The first part of the answer to 1. is the decomposition of NH4CN into ions in aqueous solution, which should be obvious; one subtlety is that you may want to add (s) and (aq) next to each species, especially if your professor makes a point of doing so. So that's the dissociation. The data in the problem don't allow us to compute the equilibrium constant of the dissociation but it's safe to say that it is extremely high, that is, dissociation is complete: there is no NH4CN as such in solution.
The acid-base equilibrium equations can be the ones you wrote. Again, you may want to add more information, like this:
NH4+(aq)+H2O↽−−⇀NH3(aq)+H3O+(aq)K=5.5×10−10
Here the equilibrium constant K is the acid dissociation constant of the acid NH4+, the protonated form (aka conjugate acid) of ammonia. I got its value by dividing Kw, the dissociation constant of water (1.0×10−14), by the Kb of ammonia, given in the problem.
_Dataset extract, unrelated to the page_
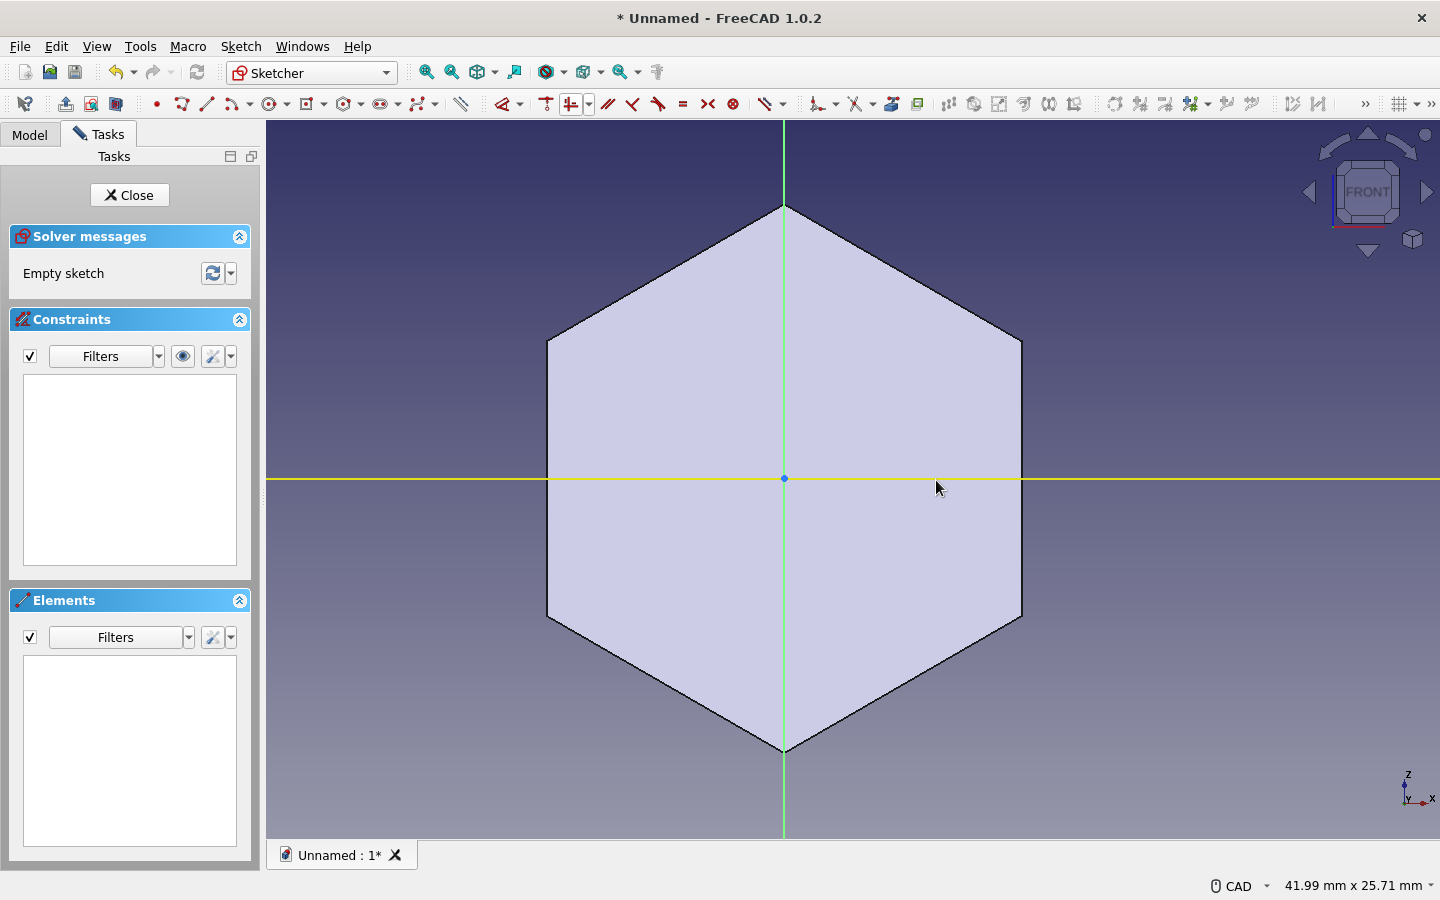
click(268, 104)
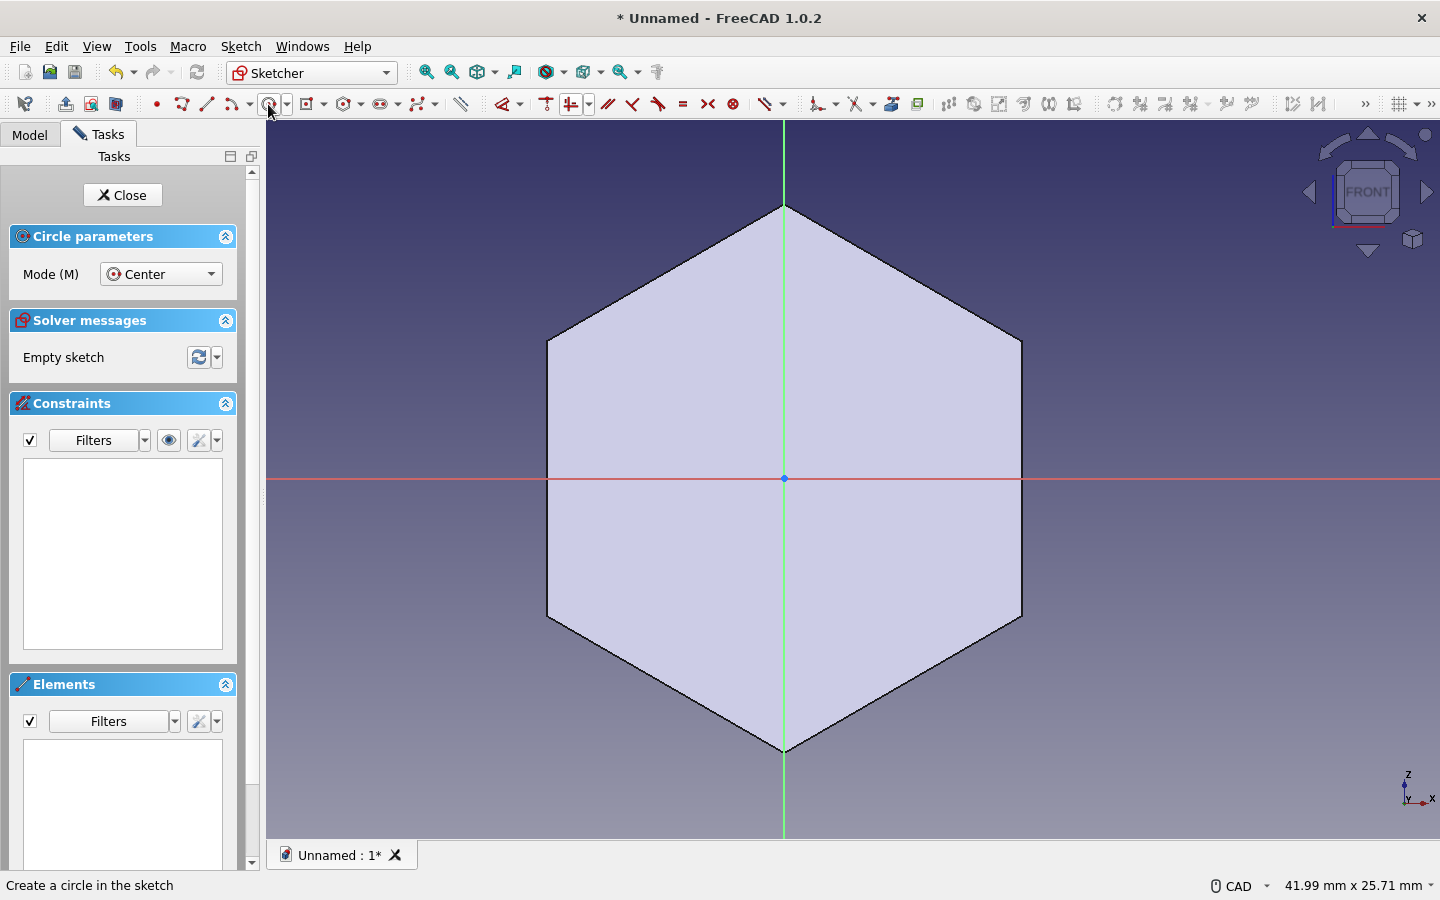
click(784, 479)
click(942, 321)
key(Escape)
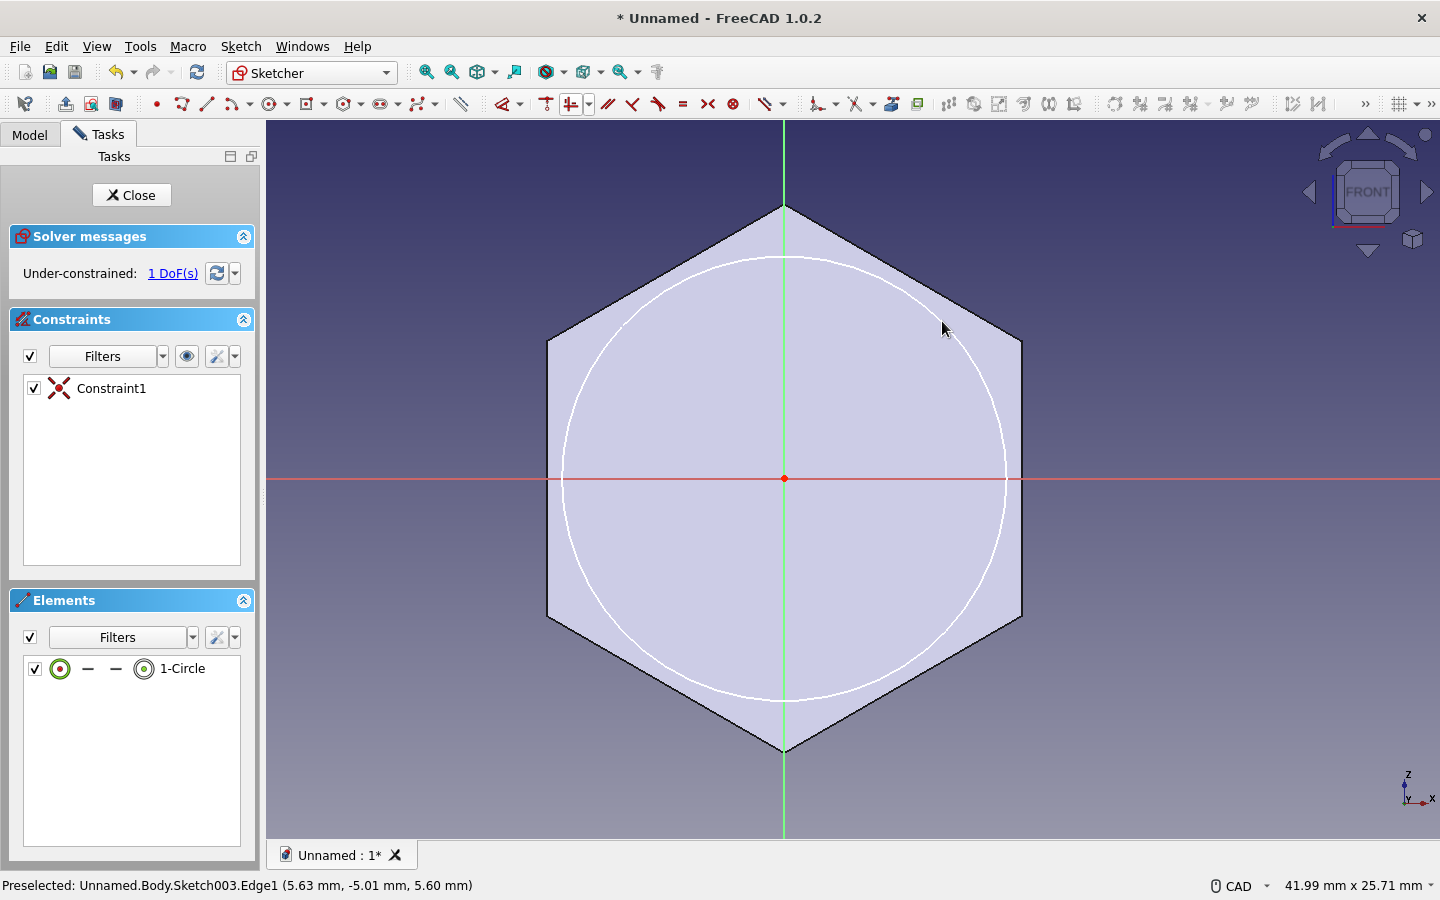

I encourage you to add similar information for the equilibrium involving cyanide ion. Hint: if you keep the reaction as you wrote it, the appropriate K is not the Ka of HCN but the Kb of the deprotonated form (conjugate base), CN−. (But you can instead consider the alternate reaction HCN+H2O↽−−⇀CN−+H3O+, and then the equilibrium constant is the Ka of HCN.)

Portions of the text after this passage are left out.